Since the United Nations broadened the definition of disability to include mental illness, many have referred to mental illness as a form of disability. Supporters of the eugenics movement were not only concerned with people with physical disabilities; they were also worried about people with mental illness, regarding the mentally ill as “feebleminded.” Today, many people with mental illness are still stigmatized and seen as abnormal. Despite efforts to educate people about the etiology of mental illness, many still attribute mental illness to physical or moral weakness, resulting in a number of individuals with mental illness suffering humiliation for their conditions. In some cultures (e.g., South Asians) that value close-knit relationships with community members, mental illness brings shame to the family because it carries a stigma. Accordingly, they may delay seeking treatment because they fear degradation and the stigma that comes with the illness.

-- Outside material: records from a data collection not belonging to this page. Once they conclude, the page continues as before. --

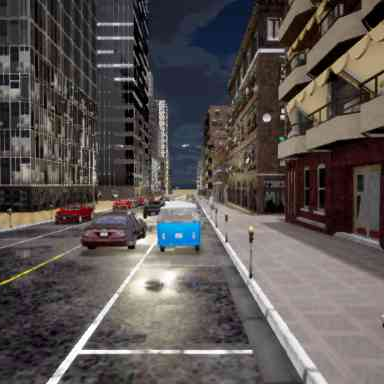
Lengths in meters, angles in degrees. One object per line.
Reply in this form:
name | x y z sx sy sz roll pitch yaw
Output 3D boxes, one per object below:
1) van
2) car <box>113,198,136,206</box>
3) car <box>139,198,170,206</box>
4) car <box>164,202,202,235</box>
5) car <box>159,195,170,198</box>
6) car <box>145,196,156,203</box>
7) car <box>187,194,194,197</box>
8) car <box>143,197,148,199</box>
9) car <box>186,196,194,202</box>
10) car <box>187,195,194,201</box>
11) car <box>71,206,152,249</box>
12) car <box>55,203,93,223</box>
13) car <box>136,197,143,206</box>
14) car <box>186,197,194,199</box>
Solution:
van | -0.474 1.340 13.712 1.690 1.788 3.998 -1 0 0
car | -8.817 1.553 42.322 1.887 1.381 4.507 -1 0 0
car | -3.145 1.519 29.399 1.837 1.490 4.892 0 0 0
car | -0.472 1.439 19.410 1.967 1.590 4.097 -1 0 0
car | -6.144 1.519 75.749 2.128 1.511 4.902 0 0 0
car | -8.816 1.617 70.812 1.802 1.307 4.206 -1 0 0
car | -0.471 1.555 65.159 1.752 1.417 4.829 -1 0 0
car | -8.817 1.562 53.716 1.887 1.381 4.507 -1 0 0
car | -0.471 1.586 76.385 1.887 1.381 4.507 -1 0 0
car | -0.471 1.580 87.950 1.752 1.417 4.829 -1 0 0
car | -3.145 1.563 14.397 2.033 1.411 5.357 0 0 0
car | -8.817 1.545 25.228 1.887 1.381 4.507 -1 0 0
car | -8.817 1.563 48.019 2.008 1.369 4.403 -1 0 0
car | -0.471 1.528 30.975 1.752 1.417 4.829 -1 0 0
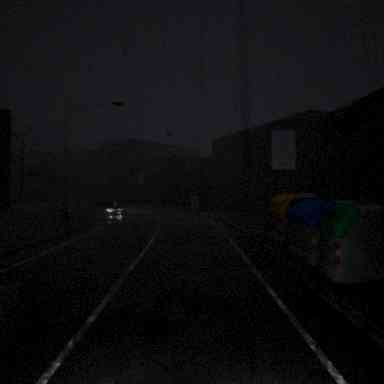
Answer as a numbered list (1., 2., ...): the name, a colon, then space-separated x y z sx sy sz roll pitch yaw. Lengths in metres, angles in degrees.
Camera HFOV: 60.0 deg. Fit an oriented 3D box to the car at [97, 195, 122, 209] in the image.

Other Types of Discrimination

Discrimination has many types. Certain types may be more controversial than others, depending on the current state of affairs. Moreover, some people may be more likely than others to fall victim to discrimination because they belong to more than one discriminated group. Gay Black men, for example, may be more likely to suffer from hate crimes than heterosexual Black men or gay White men. Understanding how the interactions between the different types of discrimination affect both the risk for becoming a victim of discrimination and the possibility of subsequent mental health problems is an important issue to consider.